Engineering biofilm communities for more effective anaerobic digestion has great potential in organic/wastewater treatment as it offers the opportunity to recover biogas as energy whilst reducing risks to human health and the environment. For the engineering of these systems the core microorganisms have traditionally been considered. However, the study by Guo et al.12 reveals that microbes in lower abundance could have a key role in anaerobic digestion maintaining the stability and functionality of microbial communities. Therefore, the ecological role of low-abundance taxa should be further investigated in bioreactors with significant environmental impact. Biofilms can also be engineered to reduce the impact of global warming by contributing to the reduction of CO2 levels. A range of approaches, including electrochemical methods, have been developed to reduce CO2 to valuable chemicals. As such, microbial electrosynthesis (MES) offers an alternative for the sustainable conversion of CO2 into valuable organic chemicals at the cathode of bio-electrochemical systems where microorganisms are used as biocatalysts. A major bottleneck with MES lies with the development and scale up of the technology due to the slow development of CO2-reducing biofilms on the cathodes. Izadi et al.13 showed a strategy which can potentially bypass this issue by modifying the potential applied and the inorganic carbon source used as these can enhance the efficiency of the system by affecting the development of the biofilm during MES and its microbial composition. Keeping biofilms under control in drinking water systems is also paramount to maintain water quality standards. Phosphate dosing has been regularly used to prevent plumbosolvency in water supply networks; however, the impact this may have on polymicrobial communities in these networks had not been studied. Del Olmo et al.14 have studied the effect of phosphate on the growth of polymicrobial biofilms from drinking water grown on lead and PVC. They found that changes in phosphate levels can induce changes in the structure of biofilms and affect the level of chlorine in the water. Their studies will help improve the management strategies to control microbial growth in drinking water pipelines helping to increase its quality.

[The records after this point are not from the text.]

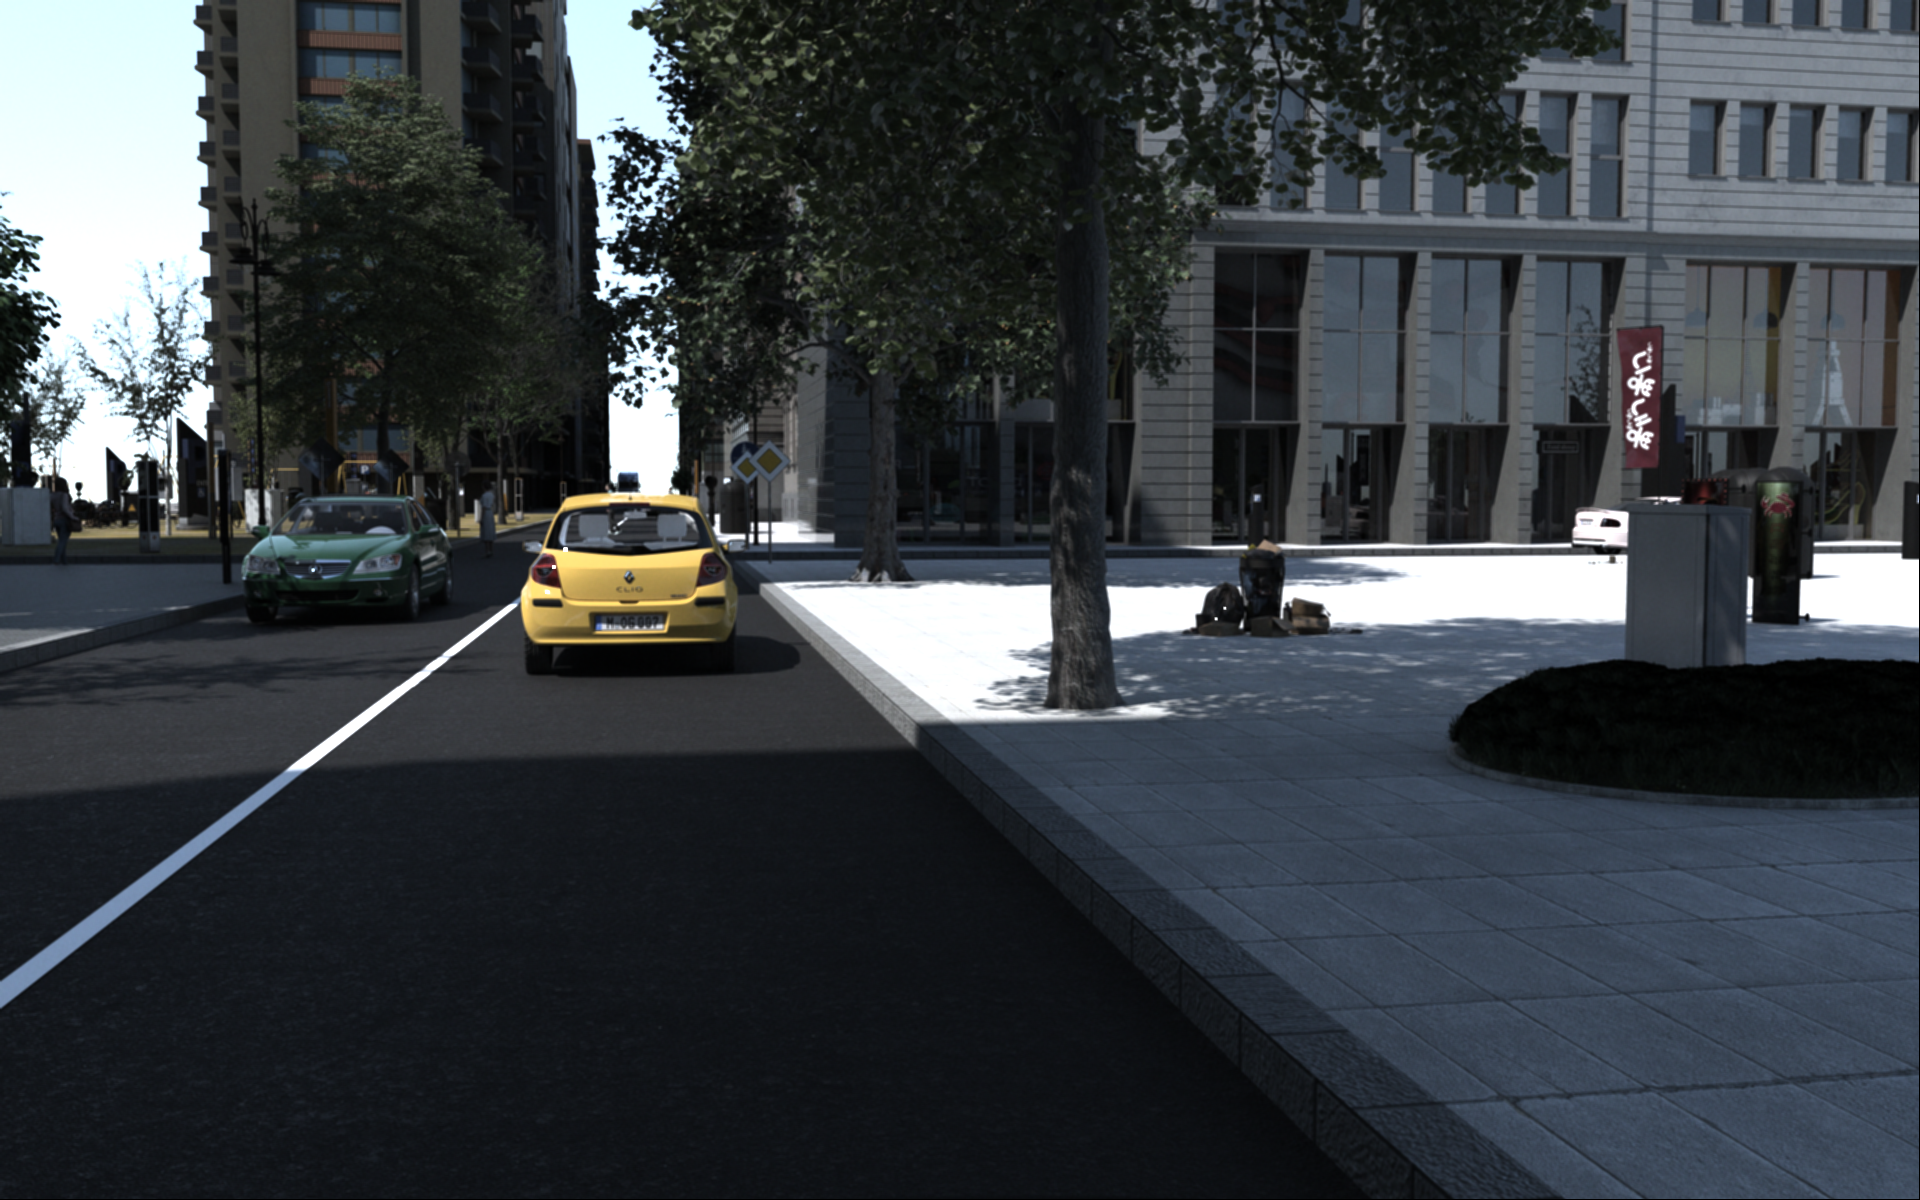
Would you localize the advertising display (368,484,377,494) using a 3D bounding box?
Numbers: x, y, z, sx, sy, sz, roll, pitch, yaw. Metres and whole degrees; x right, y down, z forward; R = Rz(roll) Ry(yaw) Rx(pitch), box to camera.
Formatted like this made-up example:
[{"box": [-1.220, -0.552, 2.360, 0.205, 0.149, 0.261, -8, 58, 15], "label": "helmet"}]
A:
[{"box": [-36.319, -6.260, 107.559, 0.974, 1.923, 0.123, 0, 4, 0], "label": "advertising display"}]

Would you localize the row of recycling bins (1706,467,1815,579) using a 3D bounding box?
[{"box": [12.636, -1.256, 27.651, 1.069, 1.692, 3.534, 0, 4, 8], "label": "row of recycling bins"}]

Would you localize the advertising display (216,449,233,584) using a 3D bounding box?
[{"box": [-10.632, -1.216, 25.090, 0.123, 1.923, 0.974, -1, 4, -20], "label": "advertising display"}]

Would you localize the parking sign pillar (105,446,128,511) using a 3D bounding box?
[{"box": [-47.939, -6.732, 98.532, 1.447, 3.967, 1.447, 1, 4, 12], "label": "parking sign pillar"}]

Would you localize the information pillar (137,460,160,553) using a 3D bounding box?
[{"box": [-17.708, -2.038, 37.807, 0.304, 2.012, 0.304, 2, 4, 23], "label": "information pillar"}]

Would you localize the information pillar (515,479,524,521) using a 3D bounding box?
[{"box": [-20.884, -4.746, 82.082, 0.304, 2.012, 0.304, 0, 4, 2], "label": "information pillar"}]

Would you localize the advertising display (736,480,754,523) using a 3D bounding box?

For all the above findings to be successfully translated from the academic research lab into the industrial environment it is paramount to have a cross-sectorial engagement at the conception of the technology to facilitate its evolution along a Translationally Optimal Path (TOP). This is highlighted by Highmore et al.15 who have created a two-dimensional framework they have termed the Biofilm Research-Industrial Engagement Framework (BRIEF). This framework enables the organisation of current biofilm technologies relevant to biofilms across sectors, based on their accuracy to current science knowledge and industrial application, enabling to predict the chances of evolving through Technology Readiness Levels (TRLs). They also introduce some advisory guidelines to enhance the translational impact of future biofilm research.